Cal agrícola: una herramienta para recuperar la fertilidad de los suelos

Cal agrícola: una herramienta para recuperar la fertilidad de los suelos

La extracción constante de nutrientes y los cambios en el pH afectan el rendimiento de los cultivos. La remineralización mediante enmiendas minerales aparece como una práctica cada vez más utilizada para mejorar la eficiencia de la fertilización y preservar la productividad a largo plazo.

La extracción continua de nutrientes provocada por las sucesivas campañas agrícolas se consolidó como uno de los principales desafíos para mantener la productividad de los suelos. A medida que avanza la intensificación de la actividad, productores y especialistas ponen cada vez más atención en estrategias que permitan recuperar la fertilidad y preservar la capacidad productiva de los lotes.

Entre las alternativas que ganan espacio se encuentra la remineralización, una práctica destinada a reponer minerales esenciales y corregir desequilibrios químicos que se generan naturalmente con el paso de los años o como consecuencia del manejo agronómico.

El tema adquiere relevancia tanto en Argentina como a nivel internacional. La degradación de los suelos y la pérdida progresiva de nutrientes afectan la eficiencia de los sistemas productivos y obligan a complementar las prácticas tradicionales de fertilización con herramientas que permitan conservar la calidad del recurso.

Según explicó Laura Correa, Gerente de Investigación y Desarrollo de Grupo Calidra, uno de los principales problemas que enfrenta la agricultura moderna es justamente el deterioro gradual de las propiedades químicas del suelo.

En el caso argentino, estimaciones del sector indican que la actividad agrícola provoca una pérdida cercana a las 800.000 toneladas de calcio y 400.000 toneladas de magnesio por año, minerales cuya reposición resulta necesaria para sostener los niveles de productividad.

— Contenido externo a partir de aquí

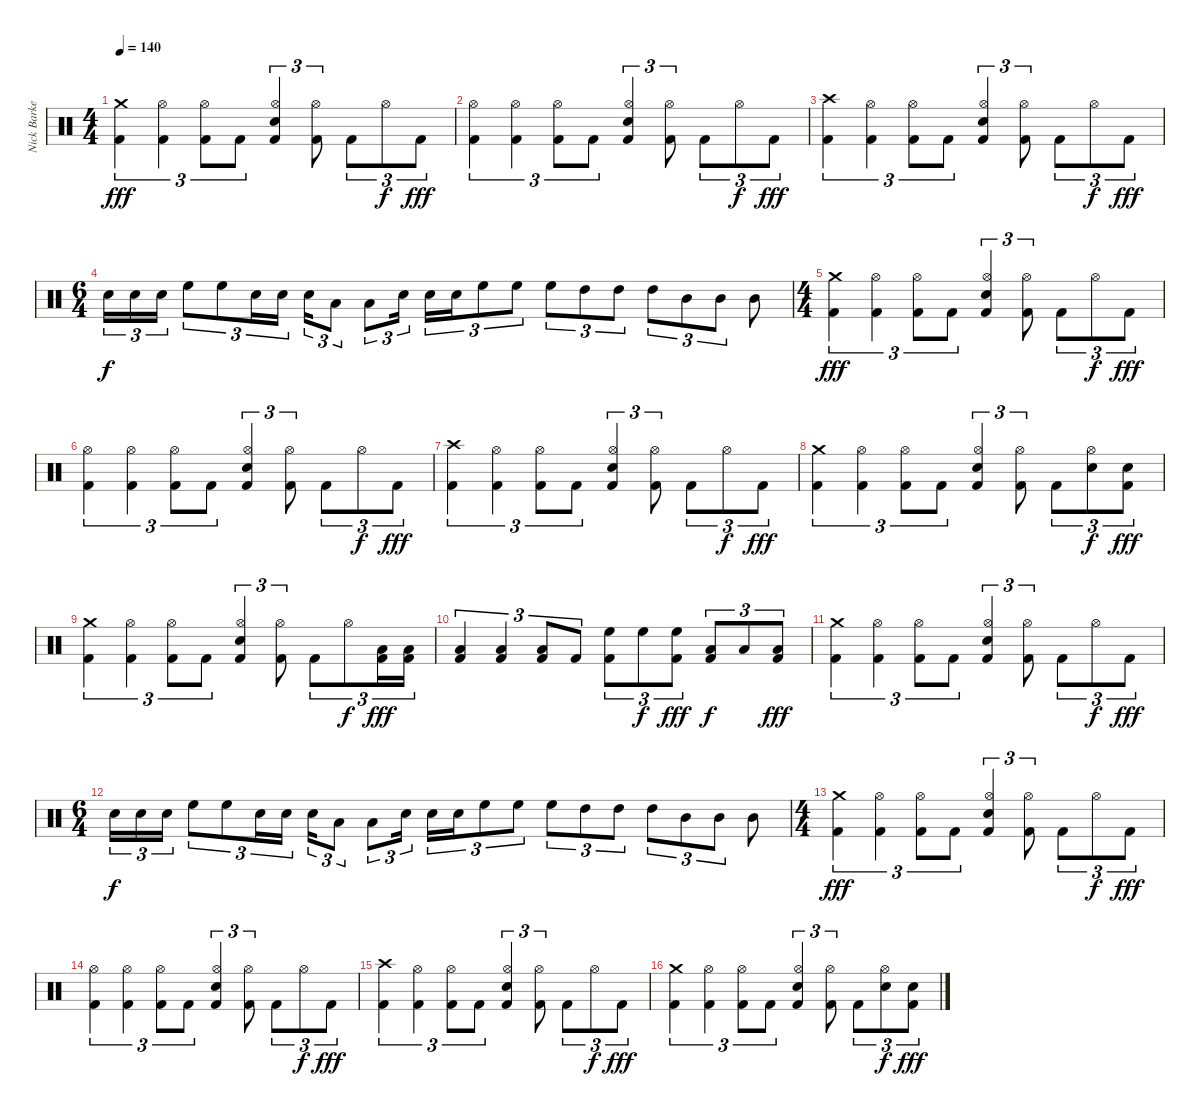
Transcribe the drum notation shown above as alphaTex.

La acidificación limita el potencial de los cultivos

Además del agotamiento de nutrientes, otro fenómeno que preocupa a los especialistas es la acidificación de los suelos.

A escala global, se calcula que entre el 25% y el 30% de las superficies agrícolas presentan algún grado de acidez, una condición que reduce la disponibilidad de nutrientes esenciales para las plantas y condiciona el desarrollo de los cultivos.

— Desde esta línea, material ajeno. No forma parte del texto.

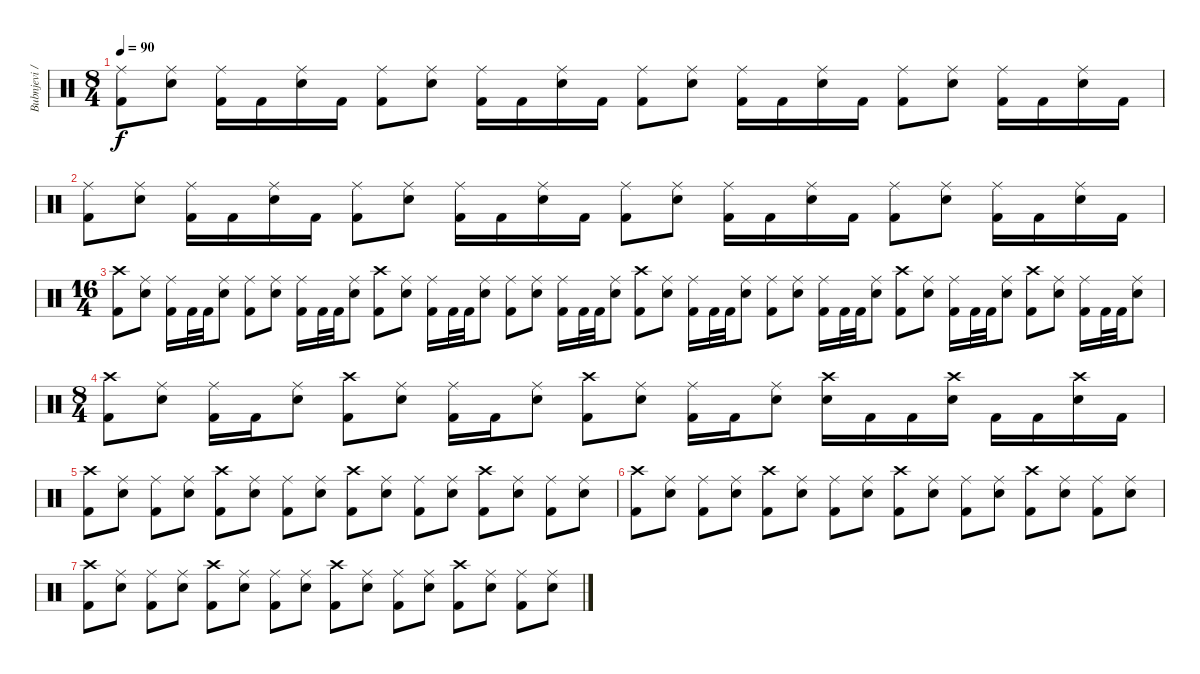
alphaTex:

\track ("Bubnjevi / Drums" "Bubnjevi /") {instrument percussion}
\staff {score}
\articulation defaults
\ts (8 4)
\tempo 90
\clef neutral
\ks c
("Kick (hit) 2" "Ride (middle)").8{dy f} ("Snare (hit) 2" "Ride (middle)").8 ("Kick (hit) 2" "Ride (middle)").16 "Kick (hit) 2".16 ("Snare (hit) 2" "Ride (middle)").16 "Kick (hit) 2".16 ("Kick (hit) 2" "Ride (middle)").8 ("Snare (hit) 2" "Ride (middle)").8 ("Kick (hit) 2" "Ride (middle)").16 "Kick (hit) 2".16 ("Snare (hit) 2" "Ride (middle)").16 "Kick (hit) 2".16 ("Kick (hit) 2" "Ride (middle)").8 ("Snare (hit) 2" "Ride (middle)").8 ("Kick (hit) 2" "Ride (middle)").16 "Kick (hit) 2".16 ("Snare (hit) 2" "Ride (middle)").16 "Kick (hit) 2".16 ("Kick (hit) 2" "Ride (middle)").8 ("Snare (hit) 2" "Ride (middle)").8 ("Kick (hit) 2" "Ride (middle)").16 "Kick (hit) 2".16 ("Snare (hit) 2" "Ride (middle)").16 "Kick (hit) 2".16 |
("Kick (hit) 2" "Ride (middle)").8 ("Snare (hit) 2" "Ride (middle)").8 ("Kick (hit) 2" "Ride (middle)").16 "Kick (hit) 2".16 ("Snare (hit) 2" "Ride (middle)").16 "Kick (hit) 2".16 ("Kick (hit) 2" "Ride (middle)").8 ("Snare (hit) 2" "Ride (middle)").8 ("Kick (hit) 2" "Ride (middle)").16 "Kick (hit) 2".16 ("Snare (hit) 2" "Ride (middle)").16 "Kick (hit) 2".16 ("Kick (hit) 2" "Ride (middle)").8 ("Snare (hit) 2" "Ride (middle)").8 ("Kick (hit) 2" "Ride (middle)").16 "Kick (hit) 2".16 ("Snare (hit) 2" "Ride (middle)").16 "Kick (hit) 2".16 ("Kick (hit) 2" "Ride (middle)").8 ("Snare (hit) 2" "Ride (middle)").8 ("Kick (hit) 2" "Ride (middle)").16 "Kick (hit) 2".16 ("Snare (hit) 2" "Ride (middle)").16 "Kick (hit) 2".16 |
\ts (16 4)
("Kick (hit) 2" "Crash high (hit)").8 ("Snare (hit) 2" "Ride (middle)").8 ("Kick (hit) 2" "Ride (middle)").16 "Kick (hit) 2".32 "Kick (hit) 2".32 ("Snare (hit) 2" "Ride (middle)").8 ("Kick (hit) 2" "Ride (middle)").8 ("Snare (hit) 2" "Ride (middle)").8 ("Kick (hit) 2" "Ride (middle)").16 "Kick (hit) 2".32 "Kick (hit) 2".32 ("Snare (hit) 2" "Ride (middle)").8 ("Kick (hit) 2" "Crash high (hit)").8 ("Snare (hit) 2" "Ride (middle)").8 ("Kick (hit) 2" "Ride (middle)").16 "Kick (hit) 2".32 "Kick (hit) 2".32 ("Snare (hit) 2" "Ride (middle)").8 ("Kick (hit) 2" "Ride (middle)").8 ("Snare (hit) 2" "Ride (middle)").8 ("Kick (hit) 2" "Ride (middle)").16 "Kick (hit) 2".32 "Kick (hit) 2".32 ("Snare (hit) 2" "Ride (middle)").8 ("Kick (hit) 2" "Crash high (hit)").8 ("Snare (hit) 2" "Ride (middle)").8 ("Kick (hit) 2" "Ride (middle)").16 "Kick (hit) 2".32 "Kick (hit) 2".32 ("Snare (hit) 2" "Ride (middle)").8 ("Kick (hit) 2" "Ride (middle)").8 ("Snare (hit) 2" "Ride (middle)").8 ("Kick (hit) 2" "Ride (middle)").16 "Kick (hit) 2".32 "Kick (hit) 2".32 ("Snare (hit) 2" "Ride (middle)").8 ("Kick (hit) 2" "Crash high (hit)").8 ("Snare (hit) 2" "Ride (middle)").8 ("Kick (hit) 2" "Ride (middle)").16 "Kick (hit) 2".32 "Kick (hit) 2".32 ("Snare (hit) 2" "Ride (middle)").8 ("Kick (hit) 2" "Crash high (hit)").8 ("Snare (hit) 2" "Ride (middle)").8 ("Kick (hit) 2" "Ride (middle)").16 "Kick (hit) 2".32 "Kick (hit) 2".32 ("Snare (hit) 2" "Ride (middle)").8 |
\ts (8 4)
("Kick (hit) 2" "Crash high (hit)").8 ("Snare (hit) 2" "Ride (middle)").8 ("Kick (hit) 2" "Ride (middle)").16 "Kick (hit) 2".16 ("Snare (hit) 2" "Ride (middle)").8 ("Kick (hit) 2" "Crash high (hit)").8 ("Snare (hit) 2" "Ride (middle)").8 ("Kick (hit) 2" "Ride (middle)").16 "Kick (hit) 2".16 ("Snare (hit) 2" "Ride (middle)").8 ("Kick (hit) 2" "Crash high (hit)").8 ("Snare (hit) 2" "Ride (middle)").8 ("Kick (hit) 2" "Ride (middle)").16 "Kick (hit) 2".16 ("Snare (hit) 2" "Ride (middle)").8 ("Snare (hit) 2" "Crash high (hit)").16 "Kick (hit) 2".16 "Kick (hit) 2".16 ("Snare (hit) 2" "Crash high (hit)").16 "Kick (hit) 2".16 "Kick (hit) 2".16 ("Snare (hit) 2" "Crash high (hit)").16 "Kick (hit) 2".16 |
("Kick (hit) 2" "Crash high (hit)").8 ("Snare (hit) 2" "Ride (middle)").8 ("Kick (hit) 2" "Ride (middle)").8 ("Snare (hit) 2" "Ride (middle)").8 ("Kick (hit) 2" "Crash high (hit)").8 ("Snare (hit) 2" "Ride (middle)").8 ("Kick (hit) 2" "Ride (middle)").8 ("Snare (hit) 2" "Ride (middle)").8 ("Kick (hit) 2" "Crash high (hit)").8 ("Snare (hit) 2" "Ride (middle)").8 ("Kick (hit) 2" "Ride (middle)").8 ("Snare (hit) 2" "Ride (middle)").8 ("Kick (hit) 2" "Crash high (hit)").8 ("Snare (hit) 2" "Ride (middle)").8 ("Kick (hit) 2" "Ride (middle)").8 ("Snare (hit) 2" "Ride (middle)").8 |
("Kick (hit) 2" "Crash high (hit)").8 ("Snare (hit) 2" "Ride (middle)").8 ("Kick (hit) 2" "Ride (middle)").8 ("Snare (hit) 2" "Ride (middle)").8 ("Kick (hit) 2" "Crash high (hit)").8 ("Snare (hit) 2" "Ride (middle)").8 ("Kick (hit) 2" "Ride (middle)").8 ("Snare (hit) 2" "Ride (middle)").8 ("Kick (hit) 2" "Crash high (hit)").8 ("Snare (hit) 2" "Ride (middle)").8 ("Kick (hit) 2" "Ride (middle)").8 ("Snare (hit) 2" "Ride (middle)").8 ("Kick (hit) 2" "Crash high (hit)").8 ("Snare (hit) 2" "Ride (middle)").8 ("Kick (hit) 2" "Ride (middle)").8 ("Snare (hit) 2" "Ride (middle)").8 |
("Kick (hit) 2" "Crash high (hit)").8 ("Snare (hit) 2" "Ride (middle)").8 ("Kick (hit) 2" "Ride (middle)").8 ("Snare (hit) 2" "Ride (middle)").8 ("Kick (hit) 2" "Crash high (hit)").8 ("Snare (hit) 2" "Ride (middle)").8 ("Kick (hit) 2" "Ride (middle)").8 ("Snare (hit) 2" "Ride (middle)").8 ("Kick (hit) 2" "Crash high (hit)").8 ("Snare (hit) 2" "Ride (middle)").8 ("Kick (hit) 2" "Ride (middle)").8 ("Snare (hit) 2" "Ride (middle)").8 ("Kick (hit) 2" "Crash high (hit)").8 ("Snare (hit) 2" "Ride (middle)").8 ("Kick (hit) 2" "Ride (middle)").8 ("Snare (hit) 2" "Ride (middle)").8

Entre las causas que favorecen este proceso se encuentran tanto la extracción permanente de minerales por parte de las cosechas como el uso intensivo de determinados fertilizantes, que con el tiempo modifican el equilibrio químico del suelo.

“La acidificación reduce la disponibilidad de nutrientes para los cultivos. La corrección del pH es fundamental para que los minerales del suelo estén disponibles y así lograr una mayor productividad”, explica Adrián Marcolín, Representante Comercial Agro de Calidra Argentina.

La corrección del pH aparece así como una práctica complementaria a la fertilización tradicional, ya que permite mejorar el aprovechamiento de los nutrientes presentes tanto en el suelo como en los fertilizantes aplicados.

La remineralización gana espacio como herramienta de manejo

Para revertir estos procesos, muchos establecimientos incorporan enmiendas minerales formuladas con carbonato de calcio o carbonato de calcio-magnesio, conocido como dolomita.

Estos productos permiten disminuir la acidez del suelo, restablecer parte de los nutrientes perdidos y generar mejores condiciones para el crecimiento de los cultivos.

“Remineralizar el suelo es devolverle minerales esenciales para recuperar su equilibrio químico y su capacidad productiva”, resume Correa, técnica química de larga trayectoria en Grupo Calidra.

Desde la experiencia en campo, los especialistas sostienen que la recuperación del equilibrio químico suele reflejarse en una utilización más eficiente de los fertilizantes, una mejor respuesta de los cultivos y mayores rendimientos, además de favorecer un manejo más sustentable de los recursos disponibles.

La incorporación de este tipo de prácticas también contribuye a conservar la productividad de los lotes en el largo plazo, un aspecto cada vez más relevante frente a la necesidad de producir más alimentos sin expandir la superficie cultivada.

Una estrategia orientada a la sostenibilidad

El mercado de insumos destinados a la recuperación de suelos muestra una evolución constante, impulsada por la búsqueda de tecnologías que permitan combinar productividad y sostenibilidad.

Dentro de ese segmento, Grupo Calidra desarrolla soluciones como Carbonato de Calcio, Dolomita, Súper Azufre Perlado S18 y Mezcla 70/30, orientadas a la reposición de nutrientes y a mejorar las condiciones químicas del suelo.

La utilización de este tipo de enmiendas forma parte de una estrategia de manejo integral que busca preservar uno de los principales activos de la producción agropecuaria: la calidad del suelo.

“Las enmiendas con cal agrícola o dolomita serán fundamentales para la sostenibilidad y eficiencia de los campos hacia el futuro”, concluye Marcolín.